= What is required =
Leave every picture out and write out the records below exactly.

= = = = =

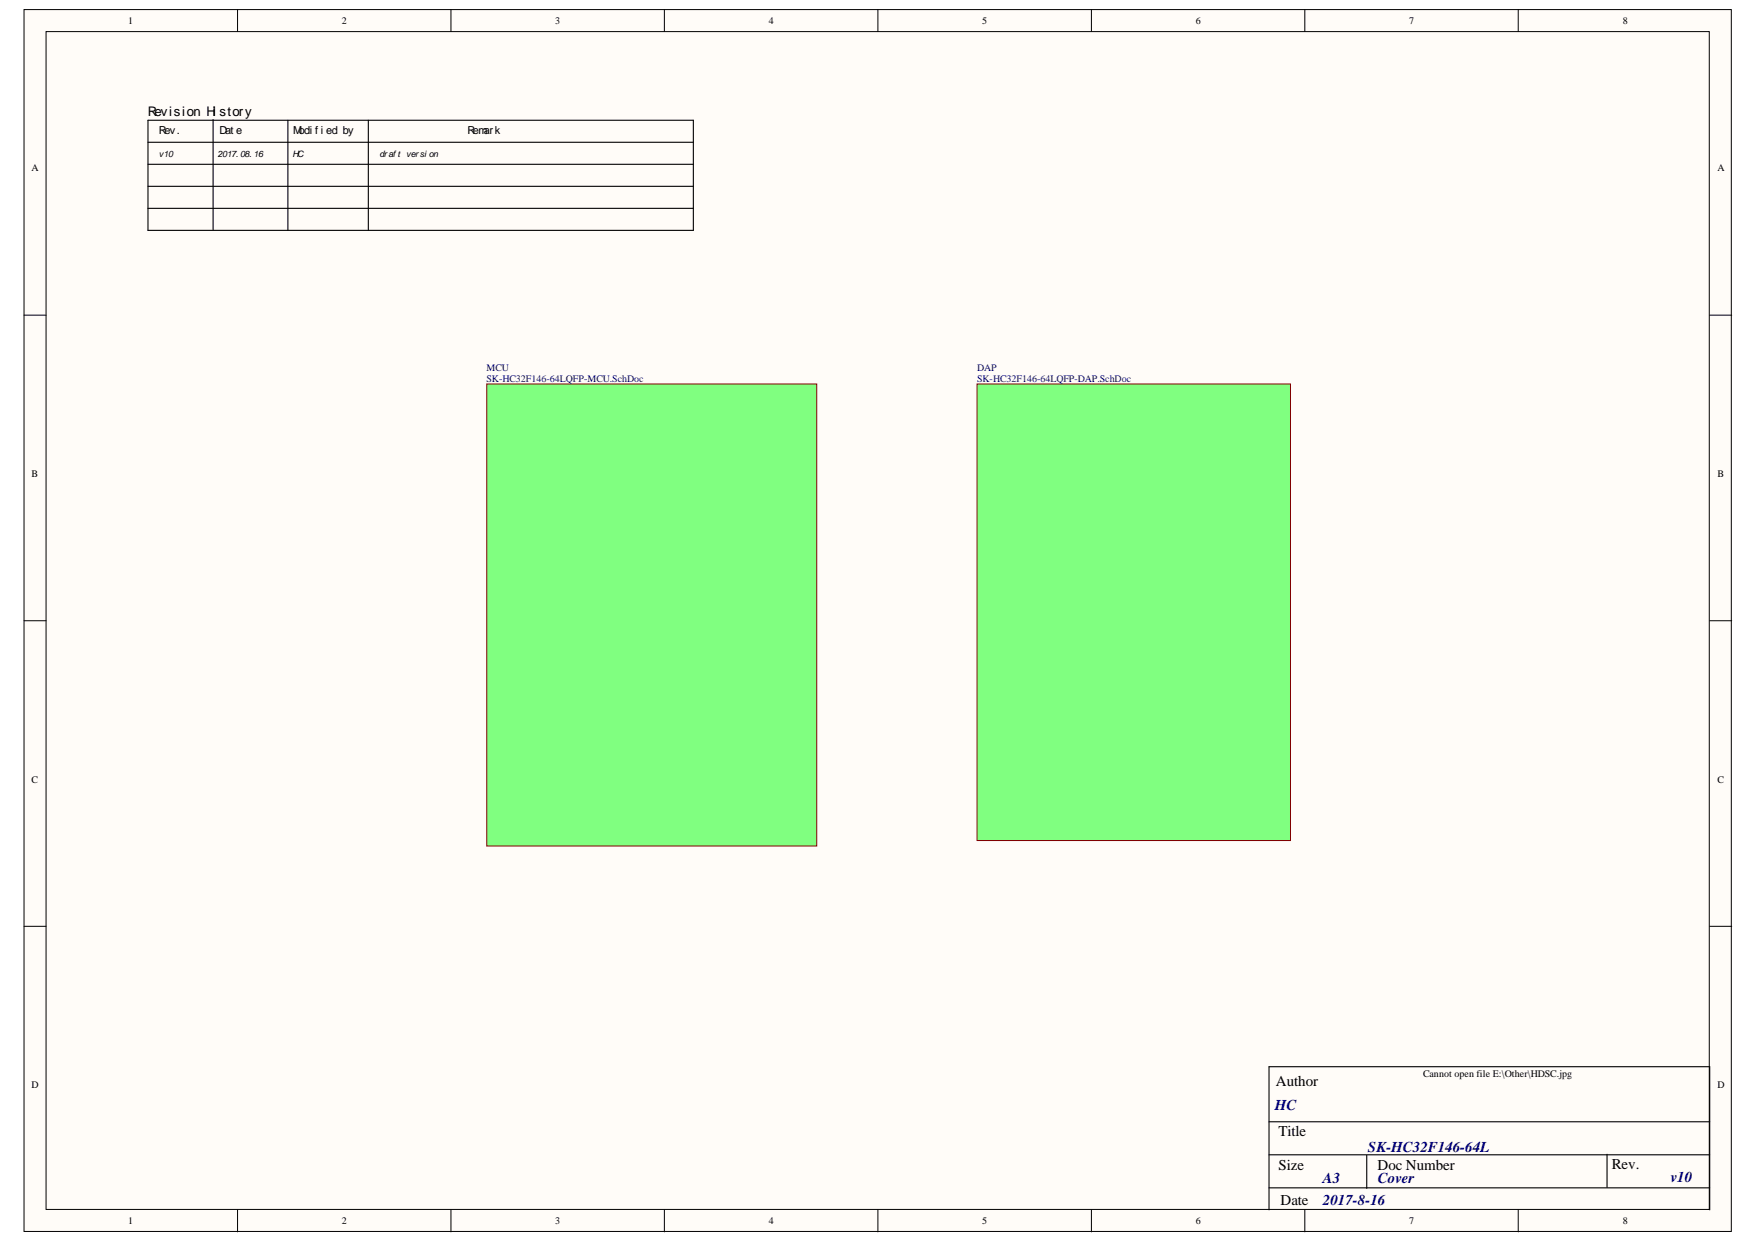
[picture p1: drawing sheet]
<svg xmlns="http://www.w3.org/2000/svg" width="297mm" height="210mm" viewBox="0 0 297 210" stroke-linecap="round" stroke-linejoin="round" font-family="sans-serif">
<defs><g id="words">
<g font-size="2.5">
<text x="215.6" y="183.4">Author</text>
<text x="216" y="191.8">Title</text>
<text x="216" y="197.6">Size</text>
<text x="232.7" y="197.6">Doc Number</text>
<text x="272.3" y="197.5">Rev.</text>
<text x="216.3" y="203.5">Date</text>
</g>
<g font-size="2.5" fill="#000080">
<text x="215.4" y="187.5">HC</text>
<text x="231.1" y="194.5">SK-HC32F146-64L</text>
<text x="223.5" y="199.8">A3</text>
<text x="223.5" y="203.5">2017-8-16</text>
<text x="232.8" y="199.8">Cover</text>
<text x="282.3" y="199.7">v10</text>
</g>
<text font-size="2.2" x="25" y="19.6">Revision Hi story</text>
<g font-size="1.9">
<text x="26.9" y="22.6">Rev.</text>
<text x="37.1" y="22.6">Dat e</text>
<text x="49.6" y="22.6">Modi f i ed by</text>
<text x="79" y="22.6">Remark</text>
</g>
<g font-size="1.7">
<text x="21.7" y="4.1">1</text>
<text x="57.8" y="4.1">2</text>
<text x="93.8" y="4.1">3</text>
<text x="129.9" y="4.1">4</text>
<text x="165.9" y="4.1">5</text>
<text x="202" y="4.1">6</text>
<text x="238.1" y="4.1">7</text>
<text x="274.2" y="4.1">8</text>
<text x="5.3" y="28.9">A</text>
<text x="290.2" y="28.9">A</text>
<text x="5.3" y="80.5">B</text>
<text x="290.2" y="80.5">B</text>
<text x="5.3" y="132.1">C</text>
<text x="290.2" y="132.1">C</text>
<text x="5.3" y="183.7">D</text>
<text x="240.4" y="181.8">Cannot open file E:\Other\HDSC.jpg</text>
<text x="290.2" y="183.7">D</text>
<text x="21.7" y="206.8">1</text>
<text x="57.8" y="206.8">2</text>
<text x="93.8" y="206.8">3</text>
<text x="129.9" y="206.8">4</text>
<text x="165.9" y="206.8">5</text>
<text x="202" y="206.8">6</text>
<text x="238.1" y="206.8">7</text>
<text x="274.2" y="206.8">8</text>
</g>
<g font-size="1.7" fill="#000080">
<text x="82.2" y="62.6">MCU</text>
<text x="82.2" y="64.5">SK-HC32F146-64LQFP-MCU.SchDoc</text>
<text x="165.1" y="62.6">DAP</text>
<text x="165.1" y="64.5">SK-HC32F146-64LQFP-DAP.SchDoc</text>
</g>
<g font-size="1.5">
<text x="26.9" y="26.5">v10</text>
<text x="36.8" y="26.5">2017. 08. 16</text>
<text x="49.4" y="26.5">HC</text>
<text x="64.1" y="26.5">draft versi on</text>
</g>
</g></defs>
<g fill="#fffcf8" stroke="#000" stroke-width=".17">
<path d="M4.1 1.6h288.4v206.4h-288.4z"/>
<path d="M7.8 5.3h281v198.9h-281z"/>
</g>
<g fill="none" stroke="#000" stroke-width=".17">
<path d="M40.1 1.6v3.7M76.2 1.6v3.7M112.3 1.6v3.7M148.3 1.6v3.7M184.4 1.6v3.7M220.5 1.6v3.7M256.5 1.6v3.7M4.1 53.2h3.7M288.9 53.2h3.7M4.1 104.8h3.7M288.9 104.8h3.7M4.1 156.4h3.7"/>
<path d="M288.9 156.4h3.7M40.1 204.3v3.7M76.2 204.3v3.7M112.3 204.3v3.7M148.3 204.3v3.7M184.4 204.3v3.7M220.5 204.3v3.7M256.5 204.3v3.7"/>
</g>
<path d="M214.4 189.4h74.5M214.4 195h74.5M230.9 195.1v5.6M271.5 194.9v5.6M214.4 204.3v-24.2h74.5v24.2M214.4 200.6h74.5" fill="none" stroke="#000" stroke-width=".19"/>
<g fill="#80ff80" stroke="#800000" stroke-width=".17">
<path d="M82.2 64.8h55.8v78.1h-55.8z"/>
<path d="M165.1 64.8h52.9v77.1h-52.9z"/>
</g>
<path d="M25 20.3h92.2v18.6h-92.2zM25 24h92.2M25 27.7h92.2M25 31.5h92.2M25 35.2h92.2M36 20.2v18.6M48.6 20.3v18.6M62.2 20.3v18.6" fill="none" stroke="#000" stroke-width=".19"/>
<use href="#words"/>
</svg>

= = = = =

= Solution for this exercise =
[picture p1: drawing sheet]
<svg xmlns="http://www.w3.org/2000/svg" width="297mm" height="210mm" viewBox="0 0 297 210" stroke-linecap="round" stroke-linejoin="round" font-family="sans-serif">
<defs><g id="words">
<g font-size="2.5">
<text x="215.6" y="183.4">Author</text>
<text x="216" y="191.8">Title</text>
<text x="216" y="197.6">Size</text>
<text x="232.7" y="197.6">Doc Number</text>
<text x="272.3" y="197.5">Rev.</text>
<text x="216.3" y="203.5">Date</text>
</g>
<g font-size="2.5" fill="#000080">
<text x="215.4" y="187.5">HC</text>
<text x="231.1" y="194.5">SK-HC32F146-64L</text>
<text x="223.5" y="199.8">A3</text>
<text x="223.5" y="203.5">2017-8-16</text>
<text x="232.8" y="199.8">Cover</text>
<text x="282.3" y="199.7">v10</text>
</g>
<text font-size="2.2" x="25" y="19.6">Revision Hi story</text>
<g font-size="1.9">
<text x="26.9" y="22.6">Rev.</text>
<text x="37.1" y="22.6">Dat e</text>
<text x="49.6" y="22.6">Modi f i ed by</text>
<text x="79" y="22.6">Remark</text>
</g>
<g font-size="1.7">
<text x="21.7" y="4.1">1</text>
<text x="57.8" y="4.1">2</text>
<text x="93.8" y="4.1">3</text>
<text x="129.9" y="4.1">4</text>
<text x="165.9" y="4.1">5</text>
<text x="202" y="4.1">6</text>
<text x="238.1" y="4.1">7</text>
<text x="274.2" y="4.1">8</text>
<text x="5.3" y="28.9">A</text>
<text x="290.2" y="28.9">A</text>
<text x="5.3" y="80.5">B</text>
<text x="290.2" y="80.5">B</text>
<text x="5.3" y="132.1">C</text>
<text x="290.2" y="132.1">C</text>
<text x="5.3" y="183.7">D</text>
<text x="240.4" y="181.8">Cannot open file E:\Other\HDSC.jpg</text>
<text x="290.2" y="183.7">D</text>
<text x="21.7" y="206.8">1</text>
<text x="57.8" y="206.8">2</text>
<text x="93.8" y="206.8">3</text>
<text x="129.9" y="206.8">4</text>
<text x="165.9" y="206.8">5</text>
<text x="202" y="206.8">6</text>
<text x="238.1" y="206.8">7</text>
<text x="274.2" y="206.8">8</text>
</g>
<g font-size="1.7" fill="#000080">
<text x="82.2" y="62.6">MCU</text>
<text x="82.2" y="64.5">SK-HC32F146-64LQFP-MCU.SchDoc</text>
<text x="165.1" y="62.6">DAP</text>
<text x="165.1" y="64.5">SK-HC32F146-64LQFP-DAP.SchDoc</text>
</g>
<g font-size="1.5">
<text x="26.9" y="26.5">v10</text>
<text x="36.8" y="26.5">2017. 08. 16</text>
<text x="49.4" y="26.5">HC</text>
<text x="64.1" y="26.5">draft versi on</text>
</g>
</g></defs>
<g fill="#fffcf8" stroke="#000" stroke-width=".17">
<path d="M4.1 1.6h288.4v206.4h-288.4z"/>
<path d="M7.8 5.3h281v198.9h-281z"/>
</g>
<g fill="none" stroke="#000" stroke-width=".17">
<path d="M40.1 1.6v3.7M76.2 1.6v3.7M112.3 1.6v3.7M148.3 1.6v3.7M184.4 1.6v3.7M220.5 1.6v3.7M256.5 1.6v3.7M4.1 53.2h3.7M288.9 53.2h3.7M4.1 104.8h3.7M288.9 104.8h3.7M4.1 156.4h3.7"/>
<path d="M288.9 156.4h3.7M40.1 204.3v3.7M76.2 204.3v3.7M112.3 204.3v3.7M148.3 204.3v3.7M184.4 204.3v3.7M220.5 204.3v3.7M256.5 204.3v3.7"/>
</g>
<path d="M214.4 189.4h74.5M214.4 195h74.5M230.9 195.1v5.6M271.5 194.9v5.6M214.4 204.3v-24.2h74.5v24.2M214.4 200.6h74.5" fill="none" stroke="#000" stroke-width=".19"/>
<g fill="#80ff80" stroke="#800000" stroke-width=".17">
<path d="M82.2 64.8h55.8v78.1h-55.8z"/>
<path d="M165.1 64.8h52.9v77.1h-52.9z"/>
</g>
<path d="M25 20.3h92.2v18.6h-92.2zM25 24h92.2M25 27.7h92.2M25 31.5h92.2M25 35.2h92.2M36 20.2v18.6M48.6 20.3v18.6M62.2 20.3v18.6" fill="none" stroke="#000" stroke-width=".19"/>
<use href="#words"/>
</svg>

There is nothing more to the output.